Task requirements => Restate, word for word, the run of lines that starts at the line containing "0.068, 3, 74, 19)" and ends with the final line of the listing. Leave pictures out.

Given records =>
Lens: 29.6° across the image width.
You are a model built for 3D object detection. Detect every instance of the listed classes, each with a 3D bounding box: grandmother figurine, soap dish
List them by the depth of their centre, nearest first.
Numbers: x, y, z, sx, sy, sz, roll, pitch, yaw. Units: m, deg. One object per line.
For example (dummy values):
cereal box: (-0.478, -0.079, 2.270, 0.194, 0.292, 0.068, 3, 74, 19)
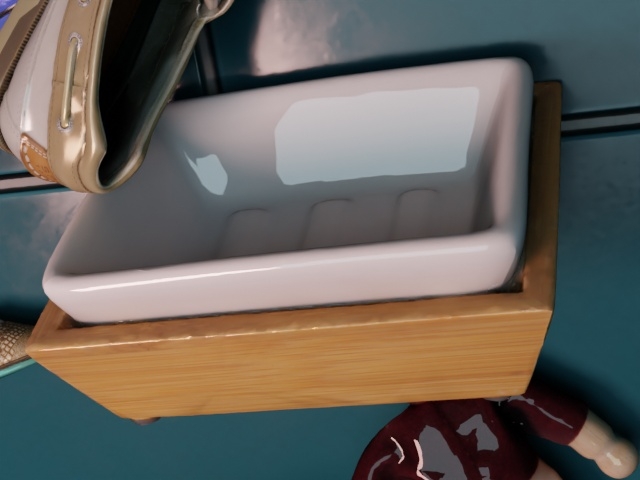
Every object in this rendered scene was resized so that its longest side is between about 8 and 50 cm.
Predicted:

Response =>
cereal box: (-0.478, -0.079, 2.270, 0.194, 0.292, 0.068, 3, 74, 19)
Every object in this rendered scene was resized so that its longest side is between about 8 and 50 cm.
Predicted:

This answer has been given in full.